In both cases it is important to know which antigens the T cells can identify viruses or tumors. The number of peptides that can be found on carcinogenic cells and cancer cells is high. The number of potential candidates in the search for suitable antigens is correspondingly high. The authors of the current study identified approximately 100,000 different peptides in tumor tissue samples from 25 skin cancer patients alone. The T-cell peptides are particularly well recognizable on tumors that have mutations, that is, their structure is altered. Which peptides are mutated and how they are altered is usually different from a person who is sick to a diseased person.


So far, the search for the mutated peptides, which are actually presented on tumor cells, was a complex and error-prone process. First, the genome had to be broken down from tumor cells, a process that took itself in itself for one to two weeks. On the basis of the obtained data, prediction programs can be used to calculate which peptides could occur with corresponding changes on the cell surface.
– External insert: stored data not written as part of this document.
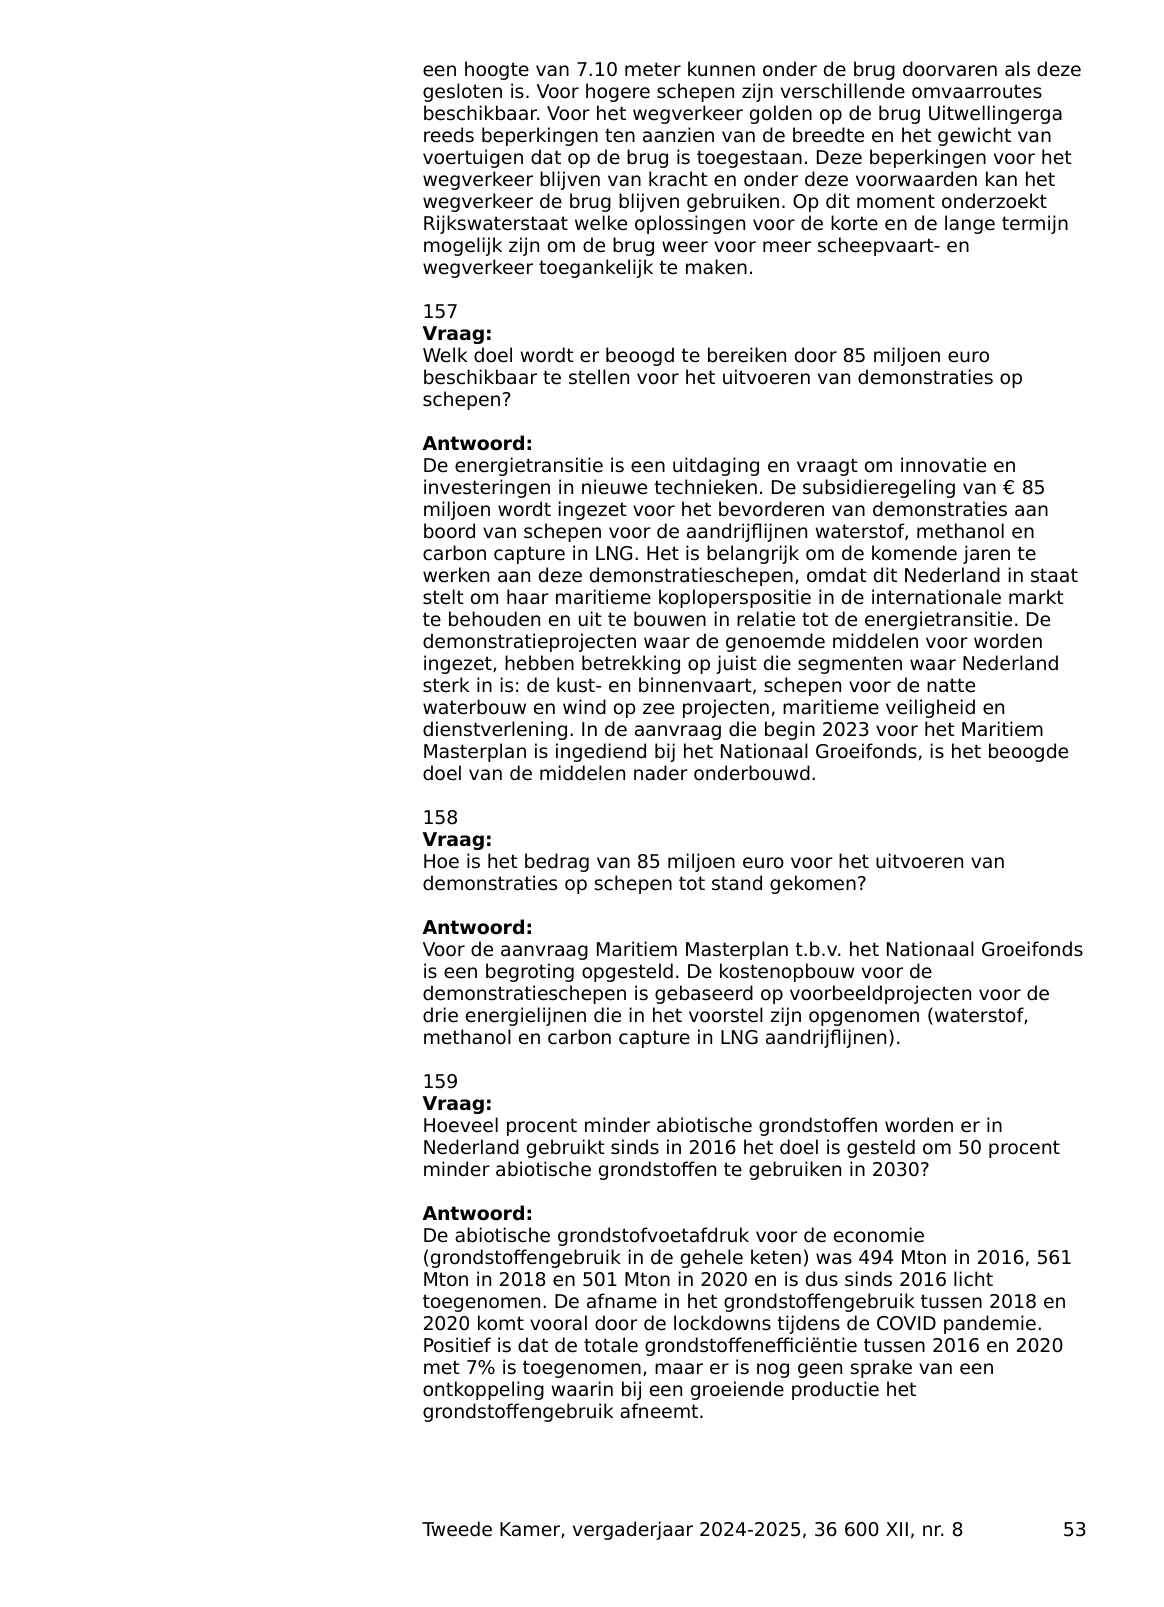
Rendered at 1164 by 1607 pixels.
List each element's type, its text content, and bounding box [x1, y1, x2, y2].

text Welk doel wordt er beoogd te bereiken door 85 miljoen euro beschikbaar te stellen voor het uitvoeren van demonstraties op schepen? [422, 345, 1087, 411]
text Positief is dat de totale grondstoffenefficiëntie tussen 2016 en 2020 met 7% is toegenomen, maar er is nog geen sprake van een ontkoppeling waarin bij een groeiende productie het grondstoffengebruik afneemt. [422, 1335, 1087, 1423]
text Antwoord: [422, 917, 1087, 939]
text Hoeveel procent minder abiotische grondstoffen worden er in Nederland gebruikt sinds in 2016 het doel is gesteld om 50 procent minder abiotische grondstoffen te gebruiken in 2030? [422, 1115, 1087, 1181]
text 157 [422, 301, 1087, 323]
text Vraag: [422, 1093, 1087, 1115]
text Voor de aanvraag Maritiem Masterplan t.b.v. het Nationaal Groeifonds is een begroting opgesteld. De kostenopbouw voor de demonstratieschepen is gebaseerd op voorbeeldprojecten voor de drie energielijnen die in het voorstel zijn opgenomen (waterstof, methanol en carbon capture in LNG aandrijflijnen). [422, 939, 1087, 1049]
text 159 [422, 1071, 1087, 1093]
text Vraag: [422, 323, 1087, 345]
text een hoogte van 7.10 meter kunnen onder de brug doorvaren als deze gesloten is. Voor hogere schepen zijn verschillende omvaarroutes beschikbaar. Voor het wegverkeer golden op de brug Uitwellingerga reeds beperkingen ten aanzien van de breedte en het gewicht van voertuigen dat op de brug is toegestaan. Deze beperkingen voor het wegverkeer blijven van kracht en onder deze voorwaarden kan het wegverkeer de brug blijven gebruiken. Op dit moment onderzoekt Rijkswaterstaat welke oplossingen voor de korte en de lange termijn mogelijk zijn om de brug weer voor meer scheepvaart- en wegverkeer toegankelijk te maken. [422, 59, 1087, 279]
text De energietransitie is een uitdaging en vraagt om innovatie en investeringen in nieuwe technieken. De subsidieregeling van € 85 miljoen wordt ingezet voor het bevorderen van demonstraties aan boord van schepen voor de aandrijflijnen waterstof, methanol en carbon capture in LNG. Het is belangrijk om de komende jaren te werken aan deze demonstratieschepen, omdat dit Nederland in staat stelt om haar maritieme koploperspositie in de internationale markt te behouden en uit te bouwen in relatie tot de energietransitie. De demonstratieprojecten waar de genoemde middelen voor worden ingezet, hebben betrekking op juist die segmenten waar Nederland sterk in is: de kust- en binnenvaart, schepen voor de natte waterbouw en wind op zee projecten, maritieme veiligheid en dienstverlening. In de aanvraag die begin 2023 voor het Maritiem Masterplan is ingediend bij het Nationaal Groeifonds, is het beoogde doel van de middelen nader onderbouwd. [422, 455, 1087, 785]
text Antwoord: [422, 1203, 1087, 1225]
text De abiotische grondstofvoetafdruk voor de economie (grondstoffengebruik in de gehele keten) was 494 Mton in 2016, 561 Mton in 2018 en 501 Mton in 2020 en is dus sinds 2016 licht toegenomen. De afname in het grondstoffengebruik tussen 2018 en 2020 komt vooral door de lockdowns tijdens de COVID pandemie. [422, 1225, 1087, 1335]
text Antwoord: [422, 433, 1087, 455]
text 158 [422, 807, 1087, 829]
text Vraag: [422, 829, 1087, 851]
text Hoe is het bedrag van 85 miljoen euro voor het uitvoeren van demonstraties op schepen tot stand gekomen? [422, 851, 1087, 895]

Whether these molecules really exist and are presented on the surface had to be found only in lengthy laboratory experiments. 

A team led by Angela M. Krackhardt , Professor of Translational Immunotherapy in the III. Medical Clinic of the Klinikum rechts der Isar, TUM and Professor Matthias Mann from the Department of Proteomics and Signal Transduction at the Max Planck Institute for Biochemistry has developed an alternative to this process. In the specialist magazine "Nature Communications", Krackhardt and Mann portray their approach. Unlike previous methods, it is not based on prediction models but on the identification of the peptides presented on the tumor surface using a mass spectrometer.


The gene sequence, ie the blueprint of the tumor cells, is also broken down for the new method. In parallel, the peptides are detached from the surface of the tumor tissue and examined by mass spectrometry. In simple terms, the device will identify the molecules present on the tissue surface of the tumors. If both information are combined, the actual antigens that contain mutations can be found with a high hit rate.

The team around Krackhardt and Mann was able to demonstrate the clinical relevance of the new method: in the blood of skin cancer patients, they found T cells that used antigens for the detection of tumor cells that could previously be identified using mass spectrometry. 

The new approach offers numerous advantages. By eliminating simulations and laboratory tests, he provides information on mutated peptides in the tumor cells in much shorter time. "For the first time, we investigated not only cultured, genetically identical cells in the mass spectrometer, but inhomogeneous tumor tissue from real patients," Matthiasmann adds. "This allows us a much more differentiated view of the molecular properties of the tumor." In addition, the method is particularly sensitive. As a result, promising research approaches, such as the role of phosphorylated peptides, have already emerged from the data of the current study. 

According to Angela Krackhardt, there is little to hinder a clinical application of the method. "Our approach opens up new possibilities for personalized treatment of cancer," Krackhardt adds. "By accelerating the identification of suitable antigens, we would be able to provide individual vaccines or T-cell therapies for our patients within a reasonable time period of weeks to a few months."